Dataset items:

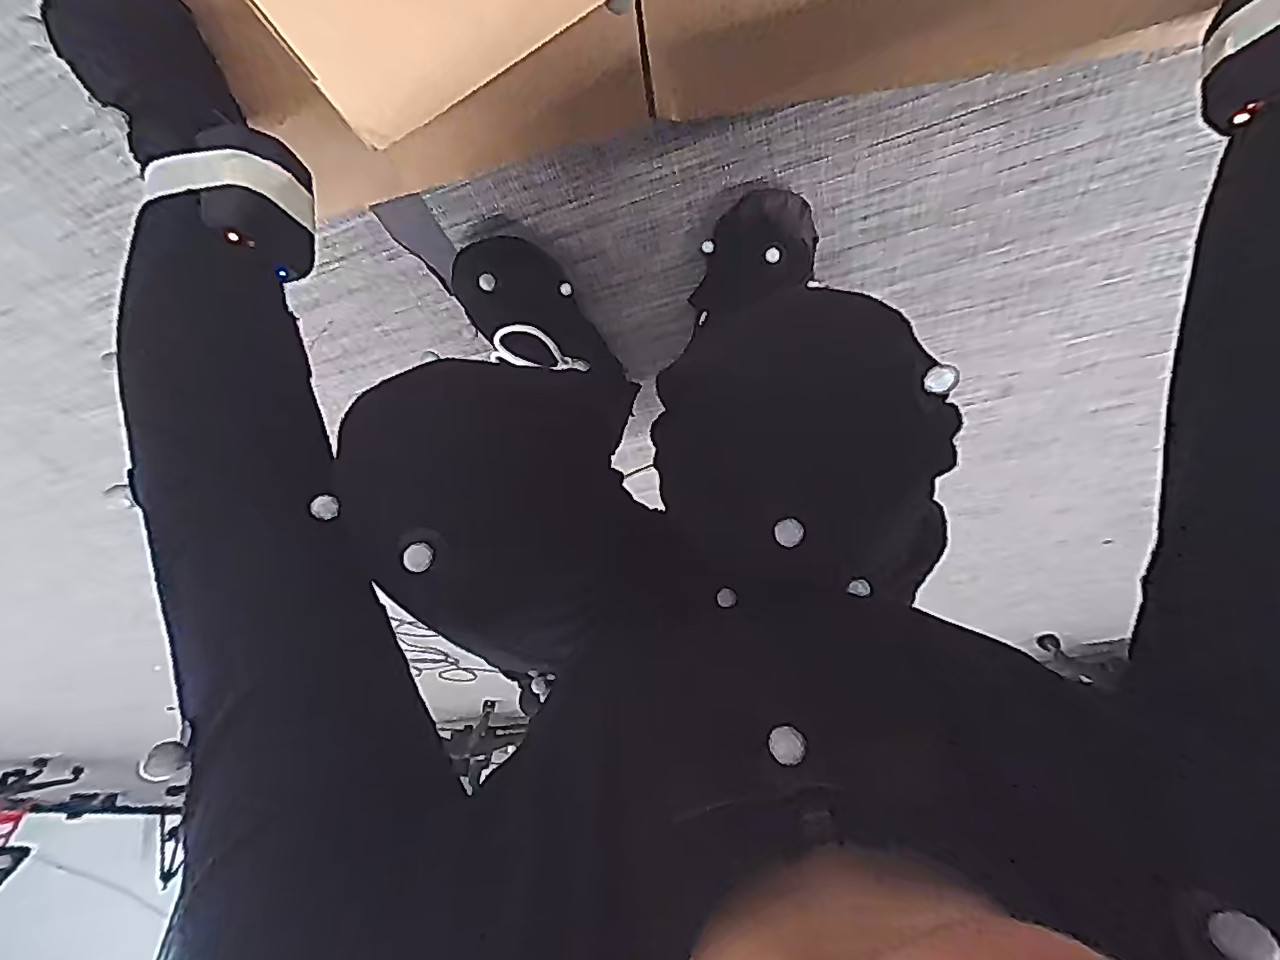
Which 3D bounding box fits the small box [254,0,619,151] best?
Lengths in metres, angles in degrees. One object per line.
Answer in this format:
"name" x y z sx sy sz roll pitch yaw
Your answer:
"small box" -0.088 -0.279 0.206 0.179 0.176 0.168 -25 141 11
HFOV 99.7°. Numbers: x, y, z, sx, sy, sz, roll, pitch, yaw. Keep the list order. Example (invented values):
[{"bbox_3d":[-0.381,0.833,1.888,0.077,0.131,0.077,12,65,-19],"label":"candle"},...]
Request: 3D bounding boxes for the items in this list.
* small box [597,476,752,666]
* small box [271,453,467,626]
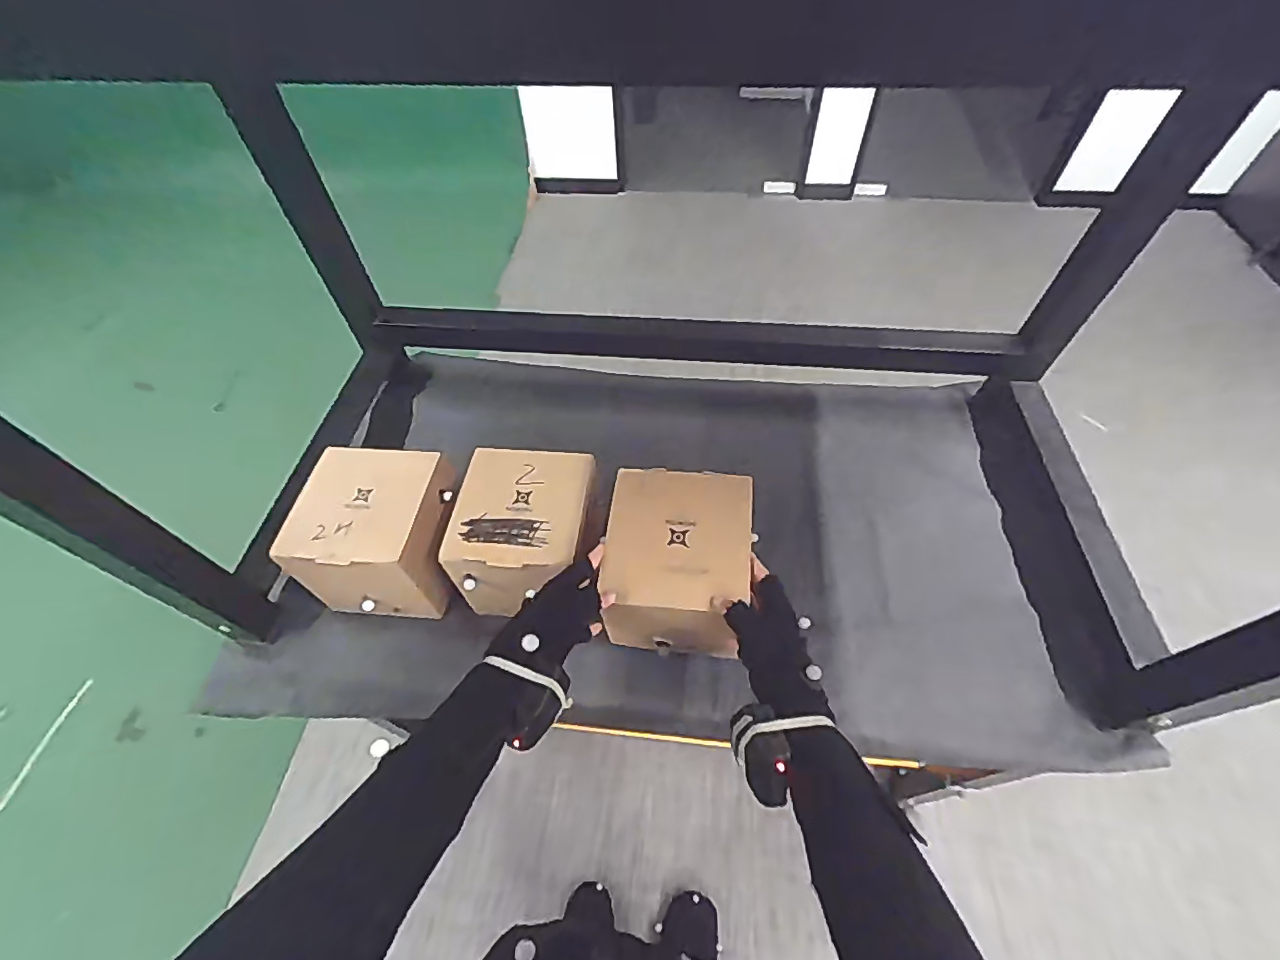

WORK TO BE COMPLETED: Copy out each line in the preceding records that contains "bounding".

EXERCISE SOLUTION:
Which 3D bounding box fits the small box [254,0,619,151] best?
Request: 3D bounding boxes for the items in this list.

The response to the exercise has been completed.